Borges afirmó que a diferencia de los instrumentos que el hombre ha creado como extensiones de su cuerpo, el libro es una extensión de la memoria y la imaginación. Entre sus diversas funciones recoge la historia para prevenir la repetición de errores. Además, al registrar quiénes fuimos, de dónde venimos, quiénes somos y hacia dónde apuntan las divagaciones sobre el porvenir esclarece no solo los propios límites, sino nuestra situación en el mundo, aun con divagaciones. Al respecto, siempre estará Spengler en su Decadencia de Occidente para abundar en preciosas consideraciones sobre las posibilidades múltiples del libro que parecen anticipar la respuesta de Bernard Shaw cuando, en entrevista, le preguntaron si creía que la Biblia fue inspirada por el Espíritu Santo: Todo libro que vale la pena de ser releído ha sido escrito por el Espíritu…, respondió. Y qué más alegato a favor del Libro que la Poesía que nos llena de sentido. Tal grandeza, salvaguardada por la minoría, nos protege de la invasión de poetitas y escribidores que, a punta de lugares comunes y esa monstruosidad calificada de best sellers, invaden editoriales y librerías. El lector que lo es en verdad sabe reconocer el valor del libro. Sabe que el complemento del párrafo está en la emoción, en lo que no queda dicho o que puede ser leído entre líneas: de ahí también la peligrosidad que intimida a los gobernantes espurios. Para el lector verdadero nada consigue enturbiar la palabra inicial, ni el barullo ni la basura impresa.

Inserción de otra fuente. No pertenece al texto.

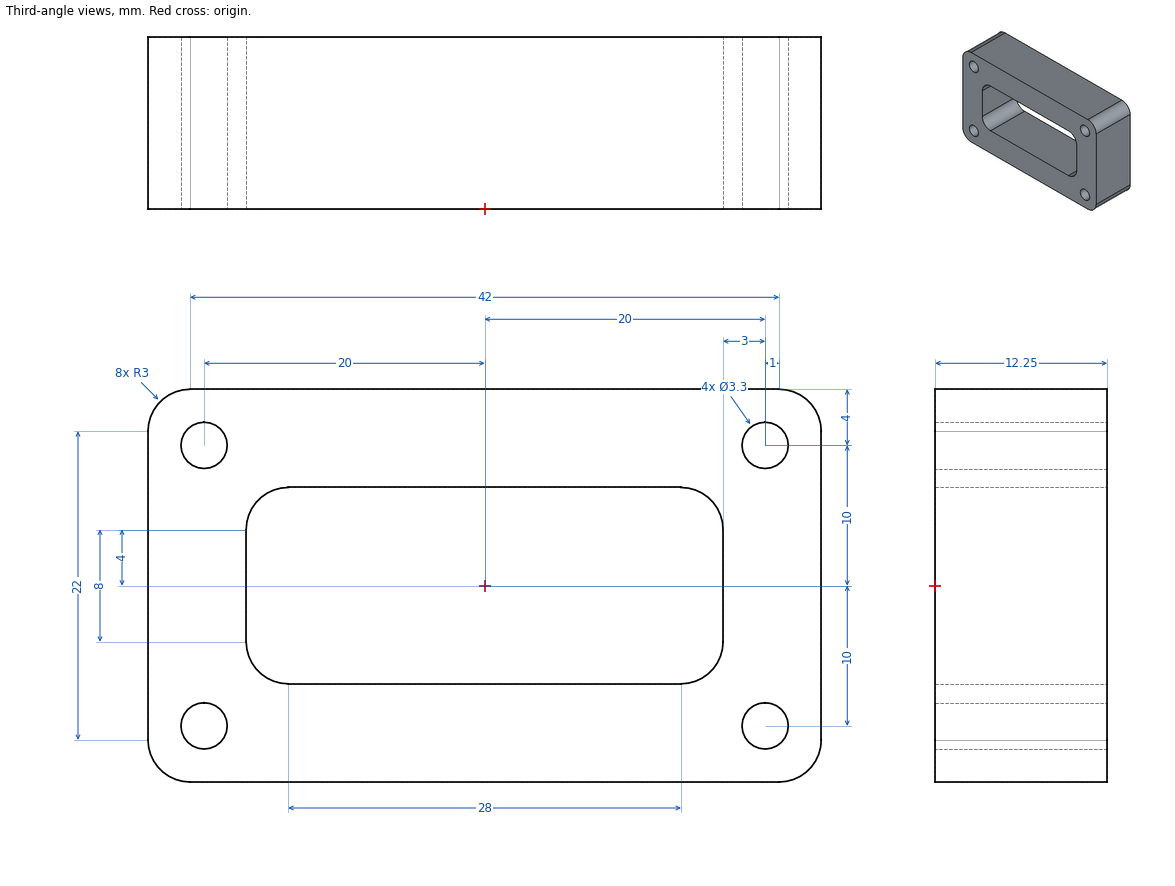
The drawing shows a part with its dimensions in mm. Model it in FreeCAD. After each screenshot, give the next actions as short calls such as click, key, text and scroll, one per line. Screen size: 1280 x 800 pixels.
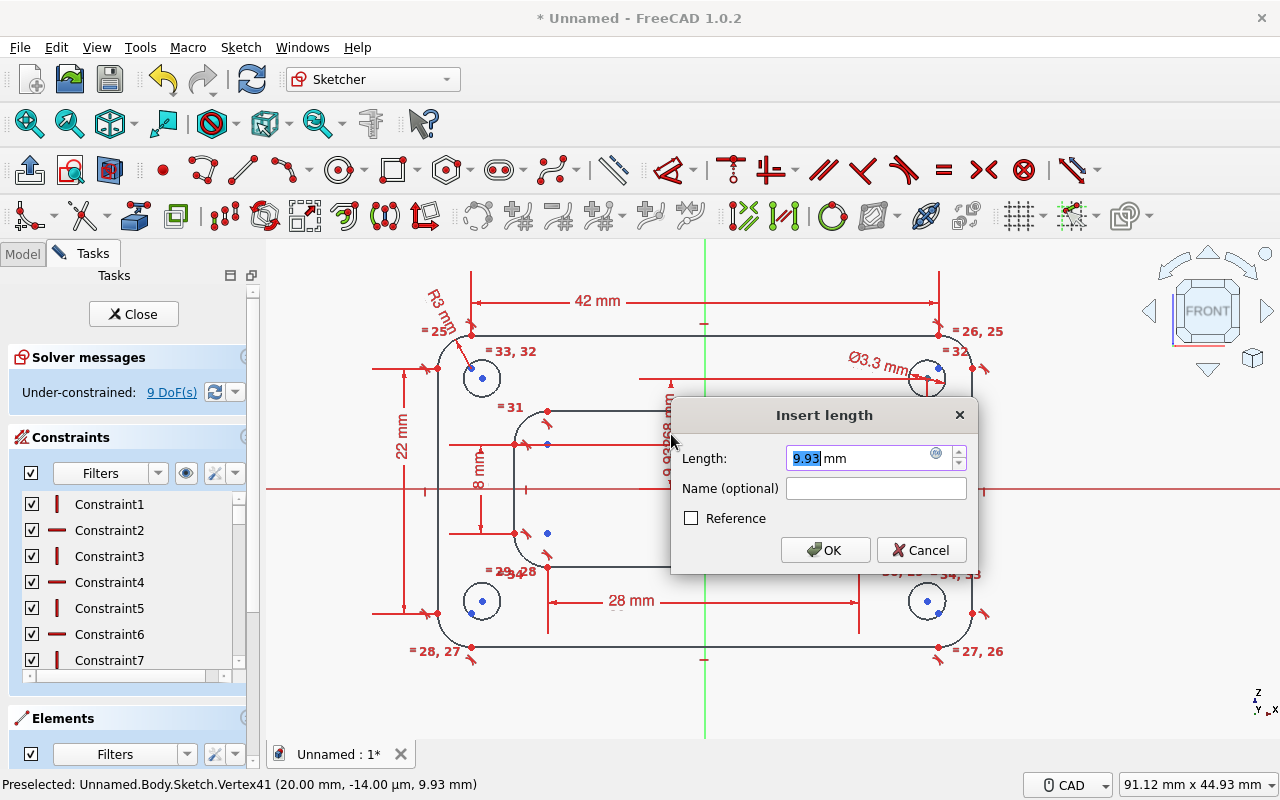
text(10)
key(Return)

Los libros no han sido hechos para ser entendidos, sino para ser interpretados; es decir, para conectar con algo e ir más allá de la intención del autor, así se trate del Quijote, de Hamlet, de la República de Platón, de El proceso de Kafka, de Los anillos de Saturno de Sebald, etc. De suyo activan algo tan humano, íntimo y creativo como la emoción, la curiosidad, el saber oculto, la intuición o la ruta del pensamiento. Depósito y espejo de sueños y sensaciones, de la grandeza o la bajeza de quienes los inspiran, los escriben, los leen e inclusive los fabrican, publicitan, distribuyen y venden, por su valor implícito no ha dejado de ser objeto de intimidación y de la codicia mercantil. Como cualquier otro producto, el capitalismo los ha banalizado; sin embargo el libro, cuando en verdad lo es, conserva su magia a pesar de todo. Así como hay autores intocados por el síndrome de la masa, también existen obras, editores y lectores que mantienen viva la secreta dinámica de sus vasos comunicantes.

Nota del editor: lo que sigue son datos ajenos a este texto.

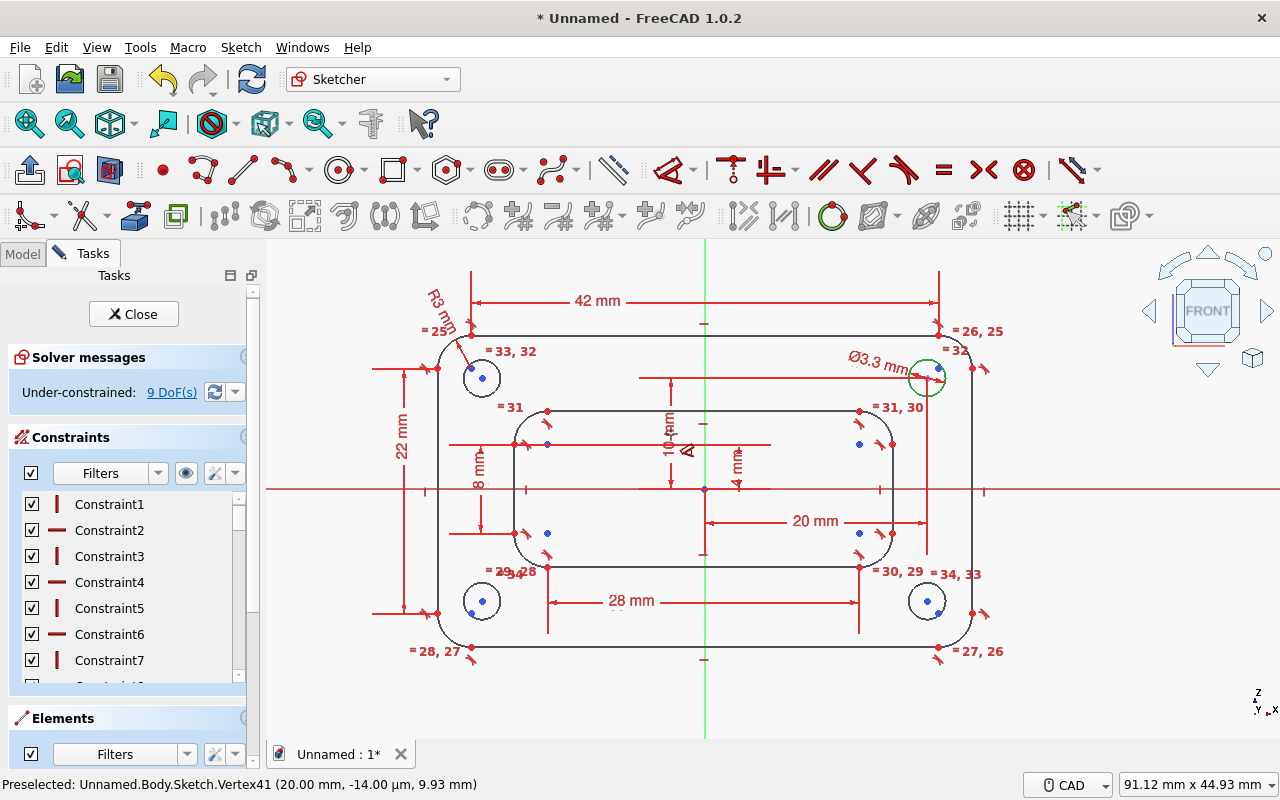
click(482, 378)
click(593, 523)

En contrapunto y por su natural perezoso, el hombre medio vive sin ser tocado por la pasión del libro. Gasta sus años sin responder al llamado, hasta que consigue apagar la curiosidad. La mayoría apaga sus sentidos a la intensidad múltiple de La Palabra y decide vivir a medias, sin el nutriente de la plenitud de adentro afuera, de la oscuridad a la luz. No deja de ser paradójica la atracción que provoca el universo dual de la escritura y el libro. Cuanto más ajena a la lectura más proclive es la gente a presumir sus no lecturas. Arrojan expresiones de entusiasmo respecto de las letras que jamás han frecuentado, cuando en realidad no hacen sino fomentar el drama de identidad de quienes ni saben quiénes son ni a cuál personaje concreto pretenden imitar para ser valorados o reconocidos por el otro. Para probarse mejores, usan el libro a modo de máscara quizá porque la escritura y la figura del escritor fascinan a las mentes oscuras a saber por qué.
A fin de cuentas, el universo del libro se parece al cautivo liberado en la alegoría de la caverna: por curiosidad ha descubierto la luz y se maravilla con ella: al fin es libre y está solo. Los demás esclavos no creen sus palabras. Se burlan de él y, encadenados hasta la muerte con la cara frente al muro, tampoco entienden nada más allá de su oscuridad.